= Chaperome =

Chaperome refers to the ensemble of all cellular molecular chaperone and co-chaperone proteins that assist protein folding of misfolded proteins or folding intermediates in order to ensure native protein folding and function, to antagonize aggregation-related proteotoxicity and ensuing protein loss-of-function or protein misfolding-diseases such as the neurodegenerative diseases Alzheimer's, Huntington's or Parkinson's disease, as well as to safeguard cellular proteostasis and proteome balance.

The term chaperome was first coined in a 2006 publication in Cell by Balch and co-workers on the finding that down-regulation of the Hsp90 co-chaperone Aha1 rescues misfolding of CFTR in cystic fibrosis to describe the overall chaperone folding environment, or the "chaperome". In 2014, Brehme and co-workers systematically studied the expression dynamics of the full human chaperome comprising ~300 human chaperones and co-chaperones in human aging brains and in brains of patients with neurodegenerative diseases. Integration with chaperome-wide functional RNA interference (RNAi) perturbation experiments in worm and in human cells led to the identification of a chaperome sub-network that safeguards proteostasis in aging and neurodegenerative diseases.

Recently, a comprehensive literature survey reviewed the literature since the release of the human genome sequence in 2000 for systematic studies in small animal model systems and highlighted the power of model systems to unveil those key chaperone modifiers of proteotoxicity out of the large number represented in the wider human chaperome that could inform targets and strategies for therapeutic regulation of chaperone functionality.

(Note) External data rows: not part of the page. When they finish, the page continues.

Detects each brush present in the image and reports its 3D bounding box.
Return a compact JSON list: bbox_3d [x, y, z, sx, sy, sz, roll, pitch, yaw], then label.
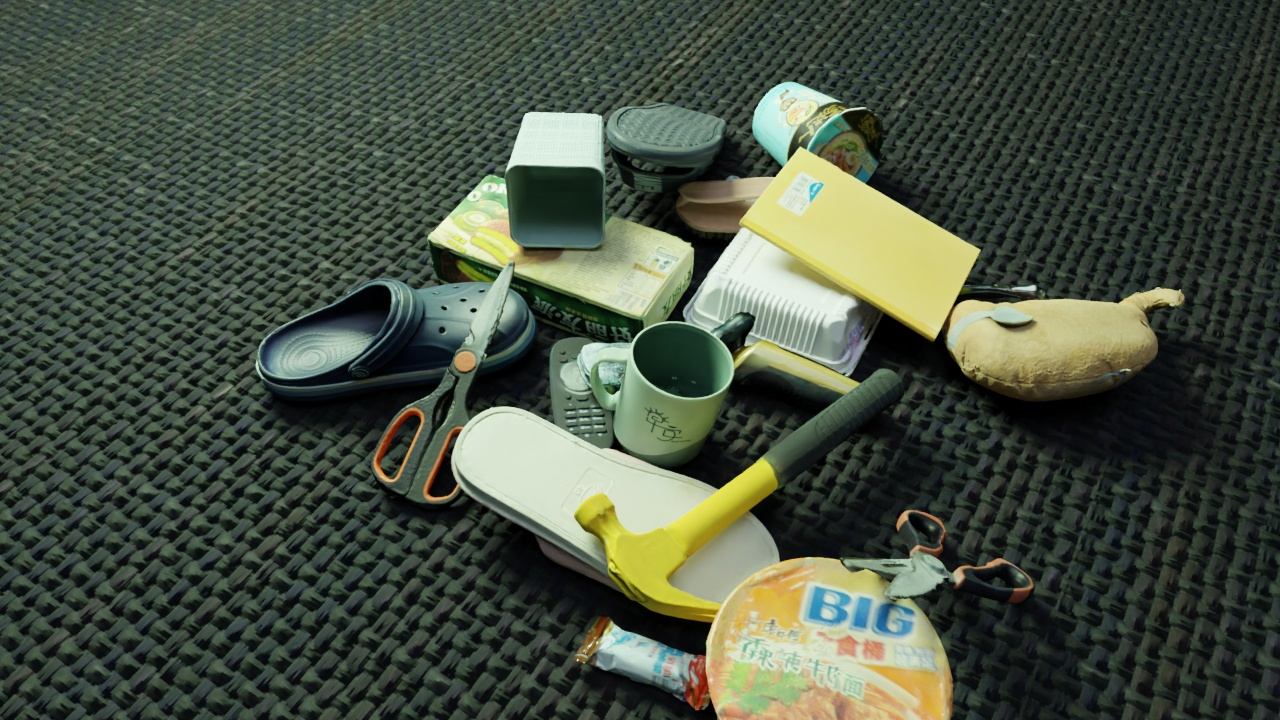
[{"bbox_3d":[0.109,-0.160,0.944,0.146,0.073,0.063,3,68,4],"label":"brush"}]

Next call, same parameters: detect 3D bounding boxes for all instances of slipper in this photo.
[{"bbox_3d":[-0.023,0.122,0.722,0.274,0.055,0.113,23,57,7],"label":"slipper"},{"bbox_3d":[0.032,-0.219,0.978,0.111,0.083,0.267,18,23,7],"label":"slipper"},{"bbox_3d":[-0.225,-0.033,0.835,0.252,0.095,0.105,-12,53,-5],"label":"slipper"}]

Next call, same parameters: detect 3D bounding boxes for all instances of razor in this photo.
[{"bbox_3d":[0.135,0.007,0.822,0.167,0.062,0.067,22,87,12],"label":"razor"},{"bbox_3d":[0.316,-0.066,0.883,0.143,0.022,0.042,-1,30,9],"label":"razor"}]

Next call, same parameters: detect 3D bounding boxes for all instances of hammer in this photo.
[{"bbox_3d":[0.100,0.089,0.713,0.300,0.033,0.129,-32,71,-27],"label":"hammer"}]

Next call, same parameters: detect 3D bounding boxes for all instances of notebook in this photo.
[{"bbox_3d":[0.212,-0.117,0.872,0.206,0.010,0.145,32,52,8],"label":"notebook"}]

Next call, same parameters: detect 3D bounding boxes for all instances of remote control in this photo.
[{"bbox_3d":[-0.053,0.035,0.818,0.053,0.024,0.136,-4,49,-8],"label":"remote control"}]

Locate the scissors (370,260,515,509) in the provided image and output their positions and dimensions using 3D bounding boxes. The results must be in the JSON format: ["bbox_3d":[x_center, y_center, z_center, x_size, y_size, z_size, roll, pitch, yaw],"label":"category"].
[{"bbox_3d":[-0.140,0.020,0.786,0.125,0.022,0.234,39,78,10],"label":"scissors"}]

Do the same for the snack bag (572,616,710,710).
[{"bbox_3d":[0.007,0.217,0.663,0.104,0.026,0.048,19,41,15],"label":"snack bag"}]

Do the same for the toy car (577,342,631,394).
[{"bbox_3d":[-0.005,0.005,0.824,0.105,0.031,0.049,0,49,-27],"label":"toy car"}]

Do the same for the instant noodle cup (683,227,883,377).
[{"bbox_3d":[0.143,-0.067,0.880,0.173,0.060,0.137,23,54,17],"label":"instant noodle cup"}]

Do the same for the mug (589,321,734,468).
[{"bbox_3d":[0.011,0.029,0.759,0.112,0.107,0.082,16,49,0],"label":"mug"}]

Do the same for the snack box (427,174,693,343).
[{"bbox_3d":[-0.078,-0.097,0.905,0.240,0.063,0.114,20,53,17],"label":"snack box"}]

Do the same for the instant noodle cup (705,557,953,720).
[{"bbox_3d":[0.115,0.223,0.601,0.151,0.112,0.151,0,50,0],"label":"instant noodle cup"}]

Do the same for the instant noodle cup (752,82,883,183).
[{"bbox_3d":[0.186,-0.247,1.008,0.111,0.111,0.120,-24,46,-18],"label":"instant noodle cup"}]

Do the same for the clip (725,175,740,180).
[{"bbox_3d":[0.095,-0.175,0.996,0.024,0.028,0.056,19,62,18],"label":"clip"}]

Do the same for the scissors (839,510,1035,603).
[{"bbox_3d":[0.205,0.141,0.650,0.197,0.015,0.213,24,15,-8],"label":"scissors"}]

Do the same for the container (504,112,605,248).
[{"bbox_3d":[-0.077,-0.176,0.875,0.090,0.090,0.111,1,44,-1],"label":"container"}]

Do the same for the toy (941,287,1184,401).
[{"bbox_3d":[0.388,-0.020,0.819,0.226,0.083,0.143,-5,35,-5],"label":"toy"}]
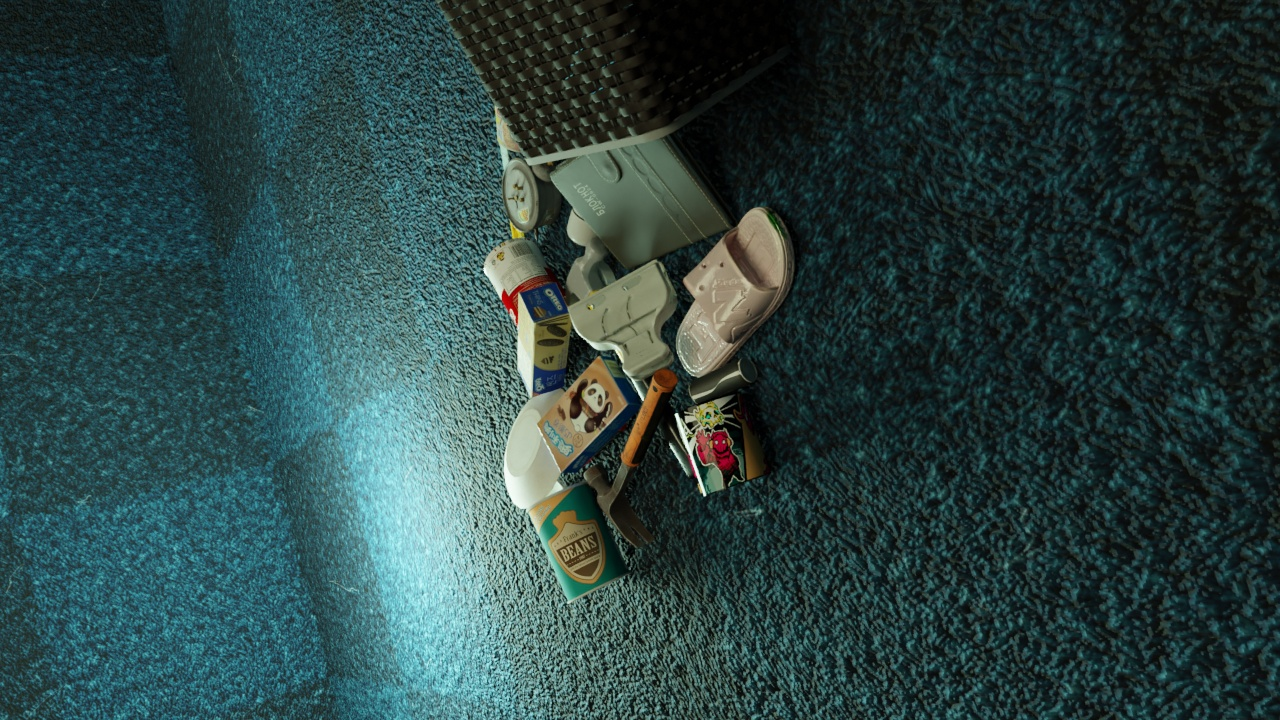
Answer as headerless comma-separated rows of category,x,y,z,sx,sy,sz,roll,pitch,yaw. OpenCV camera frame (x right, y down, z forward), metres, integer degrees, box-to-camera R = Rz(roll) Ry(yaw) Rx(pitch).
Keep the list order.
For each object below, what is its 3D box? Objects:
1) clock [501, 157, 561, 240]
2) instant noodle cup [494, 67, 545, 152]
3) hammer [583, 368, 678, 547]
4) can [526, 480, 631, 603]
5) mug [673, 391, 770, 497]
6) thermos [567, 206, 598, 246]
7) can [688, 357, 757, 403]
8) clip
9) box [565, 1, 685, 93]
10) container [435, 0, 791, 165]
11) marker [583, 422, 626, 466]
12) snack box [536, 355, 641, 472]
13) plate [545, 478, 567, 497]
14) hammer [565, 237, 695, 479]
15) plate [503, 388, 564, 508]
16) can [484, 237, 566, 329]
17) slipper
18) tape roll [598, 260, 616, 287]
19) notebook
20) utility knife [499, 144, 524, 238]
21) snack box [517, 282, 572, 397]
clock,-0.150,-0.242,1.289,0.104,0.056,0.148,64,144,18
instant noodle cup,-0.156,-0.346,1.241,0.100,0.100,0.113,49,143,34
hammer,0.000,0.123,1.170,0.137,0.034,0.315,55,148,25
can,-0.088,0.258,1.309,0.099,0.099,0.144,-41,71,51
mug,0.090,0.098,1.057,0.118,0.081,0.098,115,136,-77
thermos,-0.043,-0.242,1.145,0.052,0.052,0.225,51,137,32
can,0.094,0.024,1.048,0.081,0.031,0.031,-28,77,42
clip,-0.017,-0.053,1.083,0.126,0.099,0.152,-28,46,11
box,-0.026,-0.393,1.098,0.232,0.053,0.093,-22,100,54
container,-0.030,-0.356,0.877,0.246,0.246,0.244,4,126,48
marker,-0.059,0.116,1.302,0.145,0.021,0.023,-45,41,49
snack box,-0.072,0.075,1.252,0.152,0.034,0.087,-47,57,26
plate,-0.126,0.225,1.420,0.104,0.026,0.104,21,117,48
hammer,-0.007,0.007,1.173,0.323,0.029,0.127,60,141,16
plate,-0.163,0.126,1.372,0.189,0.027,0.188,-33,47,45
can,-0.162,-0.106,1.318,0.116,0.086,0.087,58,140,24
slipper,0.089,-0.063,1.013,0.094,0.064,0.240,58,141,25
tape roll,-0.064,-0.094,1.249,0.094,0.018,0.094,20,116,49
notebook,-0.004,-0.194,1.068,0.169,0.029,0.210,50,145,-17
utility knife,-0.194,-0.240,1.385,0.031,0.019,0.217,-5,93,45
snack box,-0.136,-0.025,1.285,0.207,0.057,0.056,103,144,-59
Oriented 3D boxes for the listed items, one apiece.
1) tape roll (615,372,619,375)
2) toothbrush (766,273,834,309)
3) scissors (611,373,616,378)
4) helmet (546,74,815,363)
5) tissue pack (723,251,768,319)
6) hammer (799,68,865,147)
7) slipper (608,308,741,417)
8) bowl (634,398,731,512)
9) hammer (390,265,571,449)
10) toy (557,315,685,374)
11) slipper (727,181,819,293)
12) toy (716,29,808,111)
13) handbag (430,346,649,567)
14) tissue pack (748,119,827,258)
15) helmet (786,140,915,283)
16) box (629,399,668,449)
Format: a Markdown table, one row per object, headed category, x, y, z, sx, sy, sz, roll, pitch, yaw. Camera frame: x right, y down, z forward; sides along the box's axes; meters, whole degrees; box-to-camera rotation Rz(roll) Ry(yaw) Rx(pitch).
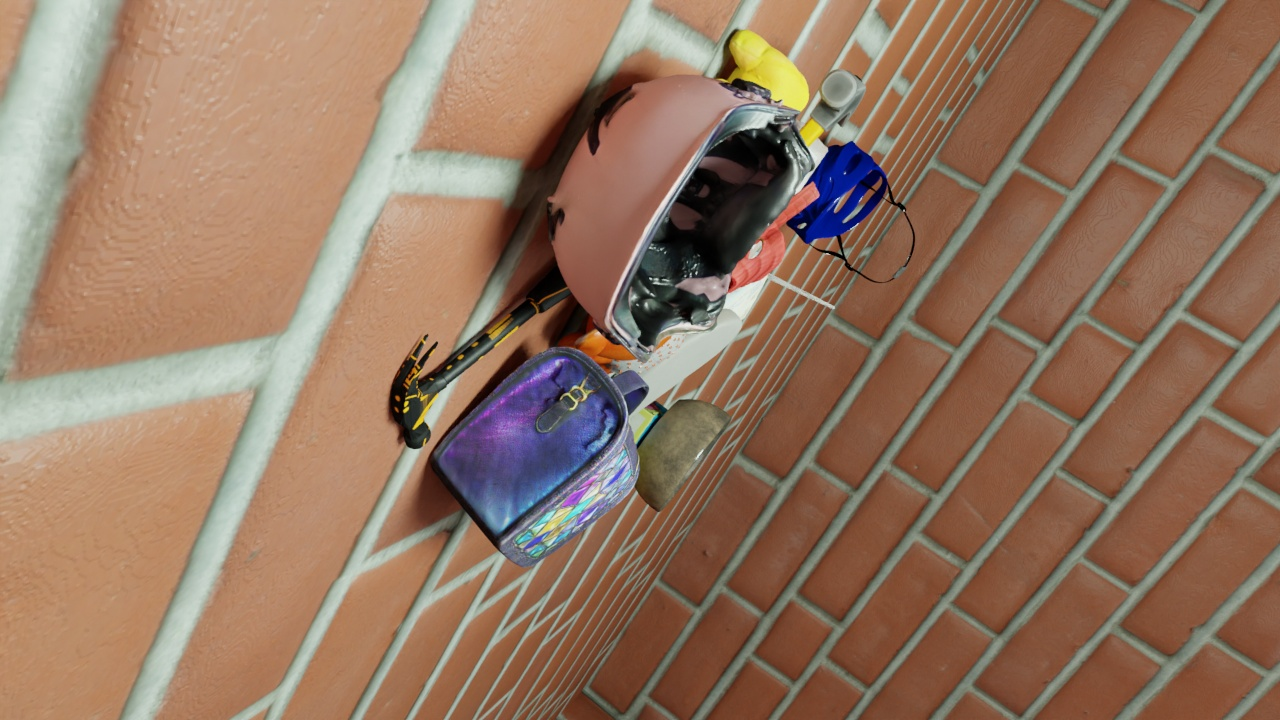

In 2016, a Nature article authored by Rodina et al. introduced a novel term, epichaperome, to refer to a network of existent chaperomes that are found only in cancer cells. More specifically, a few of the major players of this network include heat-shock protein 90 (Hsp90) and heat-shock cognate protein 70 (Hsc70). As opposed to in normal, healthy cells, where these chaperomes are abundant and functional on their own, in cancer cells, changes in the interactions between chaperomes lead to the formation of a network of chaperomes, co-chaperomes, and related co-factors. What has been found is that this strengthened network amongst chaperomes is a mechanism for survival for cancer cells when adapting to stress including hypoxia and heat. The small molecule Hsp90 inhibitor, PU-H71, has been found to have a preferential binding to Hsp90 when it is in the highly integrated complexed form that is the epichaperome.